My hedgehog is very sweet... I worked with him everyday and he loved it... But for some reason he has been very territorial and huffs everytime I go near him... He always did that but after a few minutes he would stop but now he doesnt stop. I dont know what to do... Any advice??


----------



## Theobromine (Nov 5, 2015)

How old is your hedgehog? Is there a possibility that he may be in a bad mood because he's quilling?


----------



## CherylMatthews (Apr 19, 2016)

*It sounds like he's quilling. Due to the pain and discomfort of losing quills, they will tend to be more huffy when you try and pick them up. *


----------



## Hh9 (Feb 22, 2016)

He was born at the end of January


----------



## nikki (Aug 28, 2008)

He's about 16 weeks old so he's probably not quilling right now. What do you do when he huffs at you?


----------



## Hh9 (Feb 22, 2016)

Well I lift his igloo or snuggle sack up and the first thing he does is huff and stick is quills up... I give him a few minutes to warm up and try to slowly touch him. I usually will put some mealworms or food close to his face to get his head to come out and then I go to pet him again and he huffs again. This makes me give up and let him be please give me some tips i miss him!!


----------



## Artemis-Ichiro (Jan 22, 2016)

When you leave him alone after huffing you are teaching him that you will leave him alone by doing that. You need to pick him up and continue with your usual routine that's how he learns that it's pointless.


----------



## nikki (Aug 28, 2008)

You have taught him that if he huffs you'll leave him alone. So in effect you have trained him to huff at you. When you go to pick him up you need to follow through with it no matter how he reacts. He will then learn that huffing doesn't help and will be less lightly to huff at you.


----------



## Hh9 (Feb 22, 2016)

Okay! Thankyou


----------



## Artemis-Ichiro (Jan 22, 2016)

Forgot to add, be confident when you do it, if you are nervous or hesitant, he's going to use it to its advantage.


----------



## twobytwopets (Feb 2, 2014)

Reaching in and grabbing them can be daunting if you let it be.

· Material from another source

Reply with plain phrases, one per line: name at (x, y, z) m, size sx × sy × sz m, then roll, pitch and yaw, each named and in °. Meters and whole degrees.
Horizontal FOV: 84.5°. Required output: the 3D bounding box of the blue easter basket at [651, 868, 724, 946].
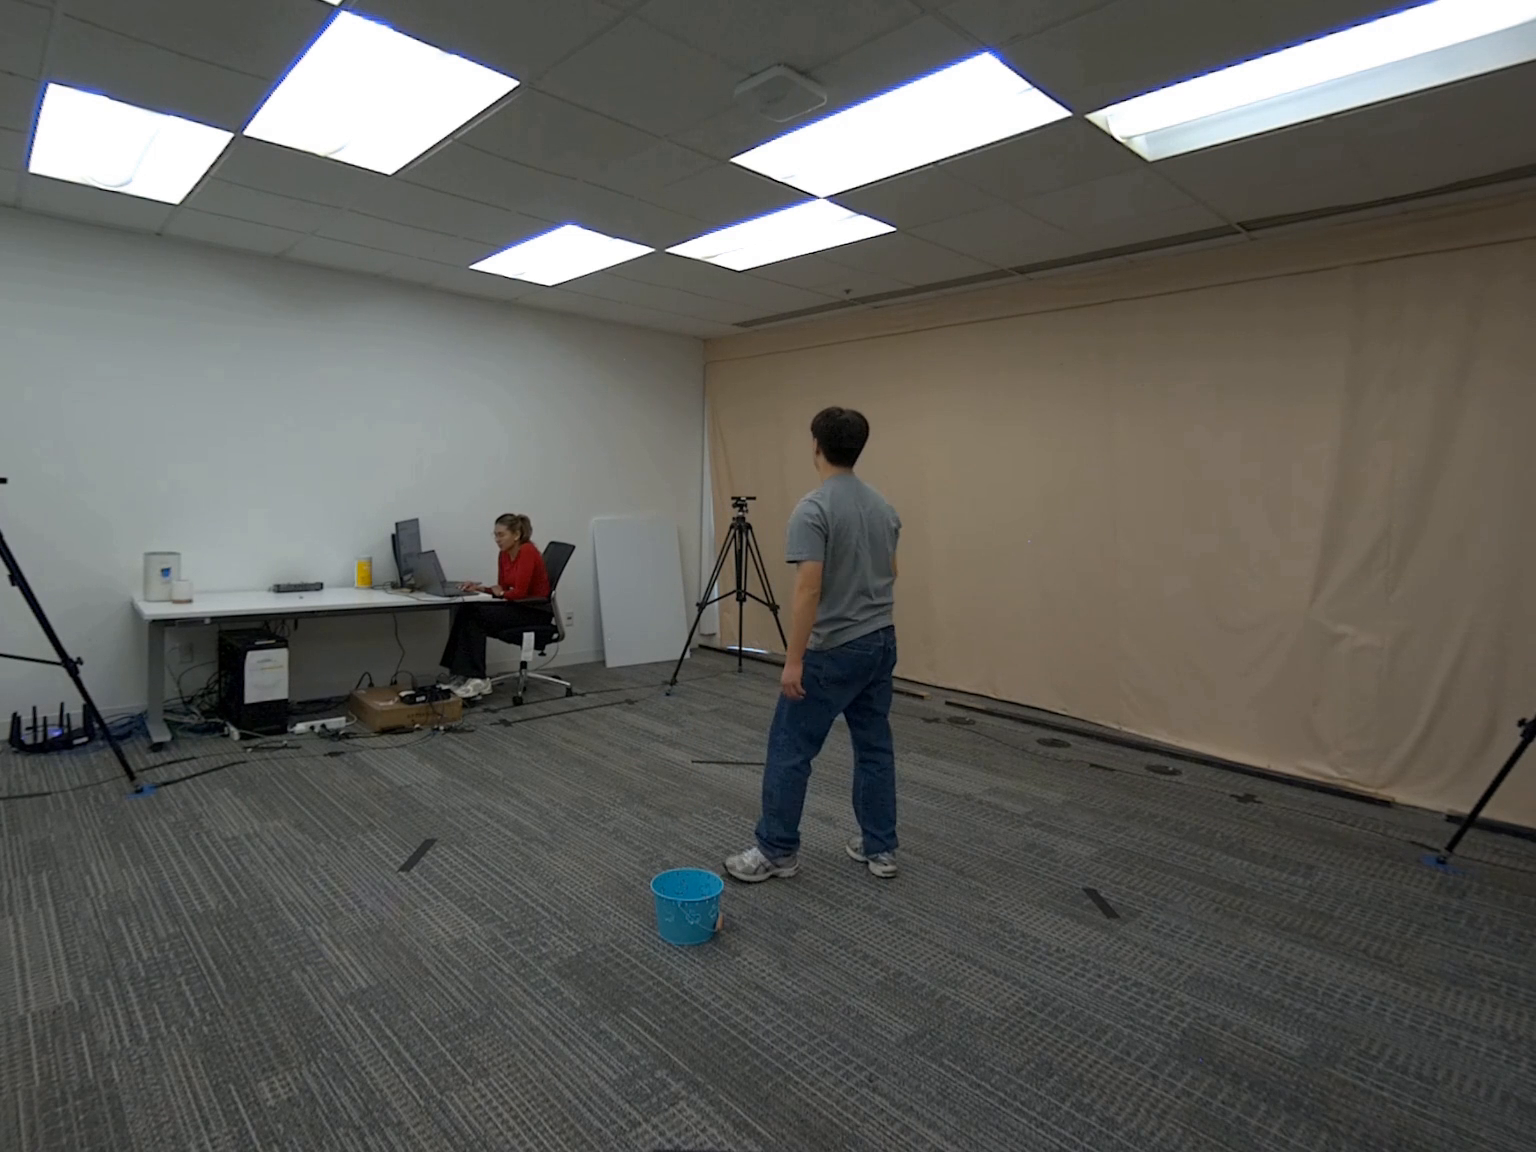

It doesn't have to be. You get poked. Then you get used to it. 
If you need to, use some fleece to pick him up. Just go in and do it. Convince yourself before you even walk in the room that you are committed to doing this, walk in, open the cage up and pick him up. Don't stop to think about it.


----------



## CrysAnner (Apr 29, 2016)

Also try soft gentle back talk. When Stellaa! has a huffy fit at me I'll softly tell her to toughen up and call her a cranky pants, kind of stuff but in a playful way. Your familiar voice can help them realize that oh! Thats a friend! And want to investigate. The words/ conversation you choose to say are of course optional in terms of what youre saying. I choose banter because my Stellaa! Is a pack of sassy haha.


----------